In the final three columns, the properties (P, V, or T) at state 2 can be calculated from the properties at state 1 using the equations listed.

Process	Constant	Known ratio	P₂	V₂	T₂
Isobaric process	Pressure	V₂/V₁	P₂ = P₁	V₂ = V₁(V₂/V₁)	T₂ = T₁(V₂/V₁)
Isobaric process	Pressure	T₂/T₁	P₂ = P₁	V₂ = V₁(T₂/T₁)	T₂ = T₁(T₂/T₁)
Isochoric process (Isovolumetric process) (Isometric process)	Volume	P₂/P₁	P₂ = P₁(P₂/P₁)	V₂ = V₁	T₂ = T₁(P₂/P₁)
	Volume	T₂/T₁	P₂ = P₁(T₂/T₁)	V₂ = V₁	T₂ = T₁(T₂/T₁)
Isothermal process	Temperature	P₂/P₁	P₂ = P₁(P₂/P₁)	V₂ = V₁/(P₂/P₁)	T₂ = T₁
Isothermal process	Temperature	V₂/V₁	P₂ = P₁/(V₂/V₁)	V₂ = V₁(V₂/V₁)	T₂ = T₁
Isentropic process (Reversible adiabatic process)	Entropy^[a]	P₂/P₁	P₂ = P₁(P₂/P₁)	V₂ = V₁(P₂/P₁)^(−1/γ)	T₂ = T₁(P₂/P₁)^{(γ − 1)/γ}
		V₂/V₁	P₂ = P₁(V₂/V₁)^−γ	V₂ = V₁(V₂/V₁)	T₂ = T₁(V₂/V₁)^{(1 − γ)}
		T₂/T₁	P₂ = P₁(T₂/T₁)^{γ/(γ − 1)}	V₂ = V₁(T₂/T₁)^{1/(1 − γ)}	T₂ = T₁(T₂/T₁)
Polytropic process	P Vⁿ	P₂/P₁	P₂ = P₁(P₂/P₁)	V₂ = V₁(P₂/P₁)^(-1/n)	T₂ = T₁(P₂/P₁)^{(n - 1)/n}
		V₂/V₁	P₂ = P₁(V₂/V₁)⁻ⁿ	V₂ = V₁(V₂/V₁)	T₂ = T₁(V₂/V₁)⁽¹⁻ⁿ⁾
		T₂/T₁	P₂ = P₁(T₂/T₁)^{n/(n − 1)}	V₂ = V₁(T₂/T₁)^{1/(1 − n)}	T₂ = T₁(T₂/T₁)

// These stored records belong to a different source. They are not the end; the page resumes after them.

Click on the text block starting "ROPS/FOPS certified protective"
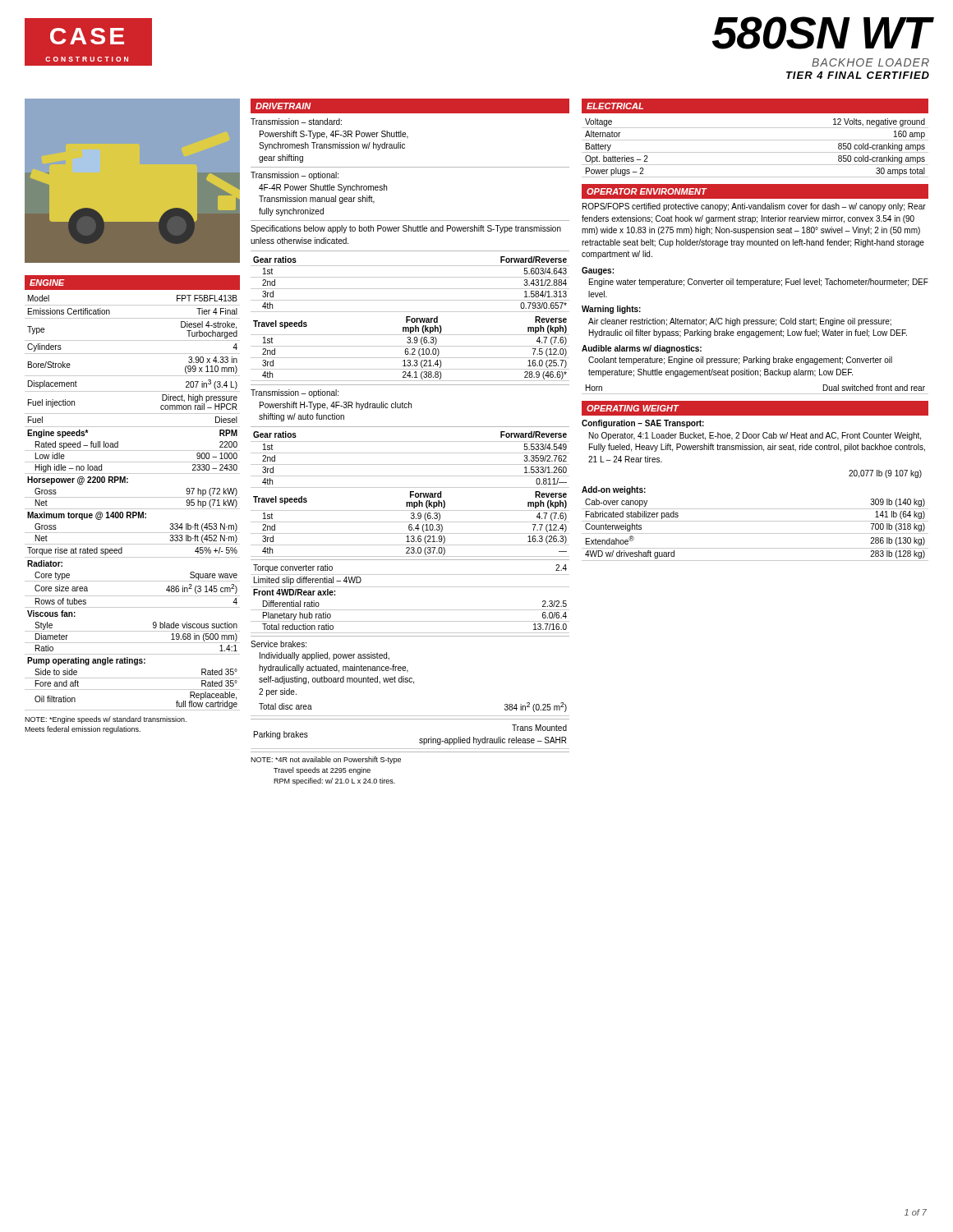 click(754, 230)
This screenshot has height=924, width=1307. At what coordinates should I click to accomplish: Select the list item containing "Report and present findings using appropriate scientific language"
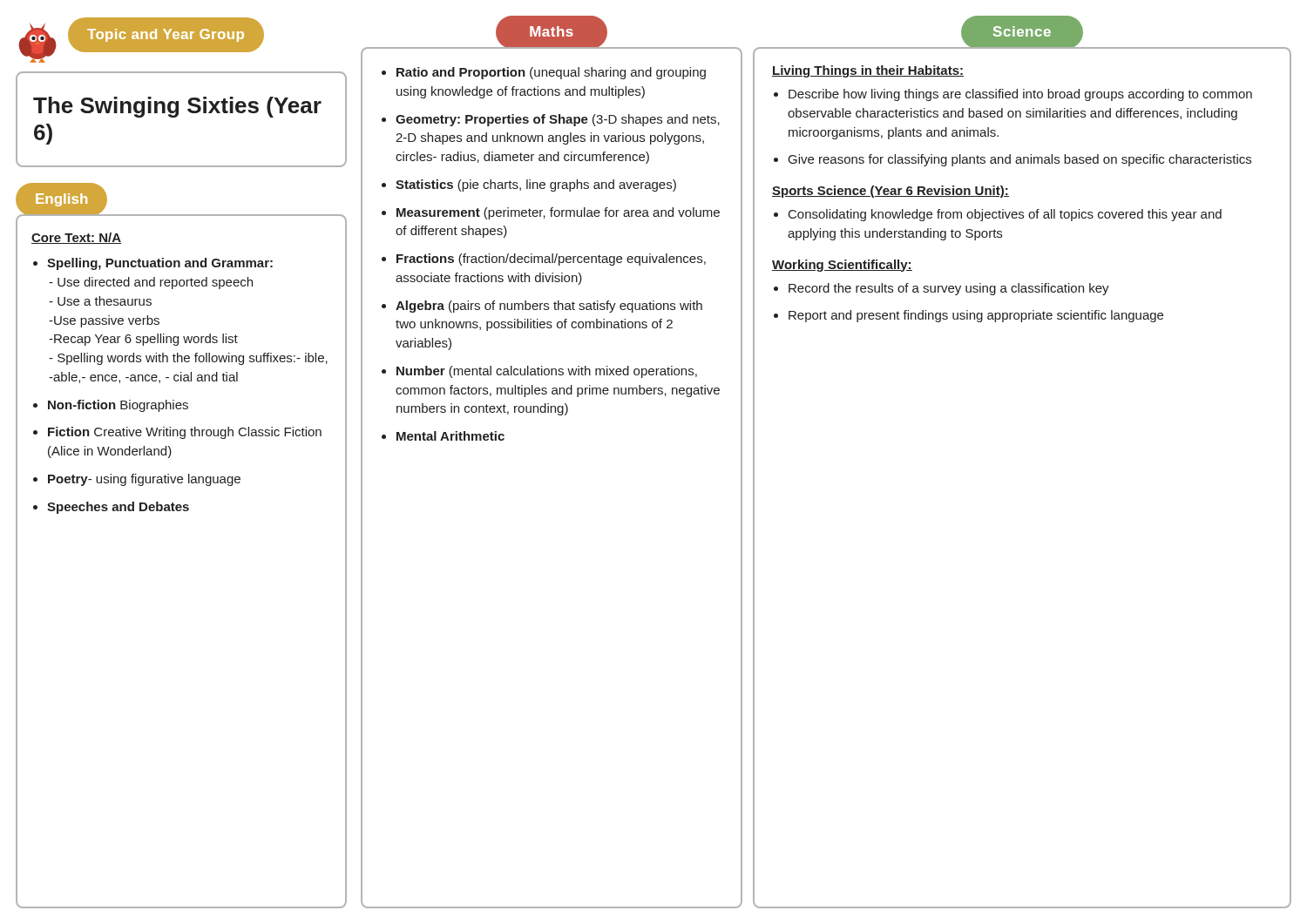[x=976, y=315]

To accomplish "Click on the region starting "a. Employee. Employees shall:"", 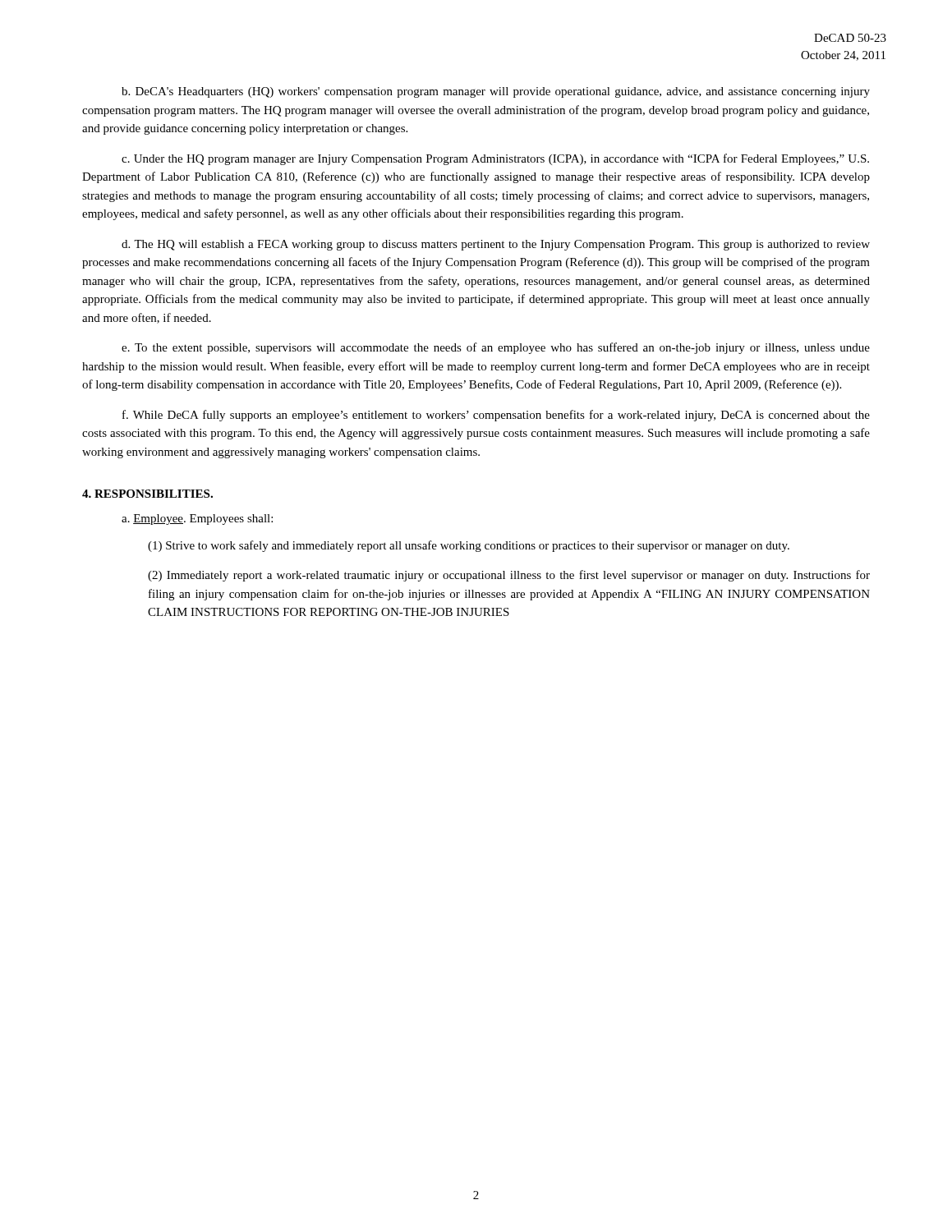I will point(198,518).

^{^} a. In an isentropic process, system entropy (S) is constant. Under these conditions, P₁ V₁^γ = P₂ V₂^γ, where γ is defined as the heat capacity ratio, which is constant for a calorifically perfect gas. The value used for γ is typically 1.4 for diatomic gases like nitrogen (N₂) and oxygen (O₂), (and air, which is 99% diatomic). Also γ is typically 1.6 for monatomic gases like the noble gases helium (He), and argon (Ar). In internal combustion engines γ varies between 1.35 and 1.15, depending on constitution gases and temperature.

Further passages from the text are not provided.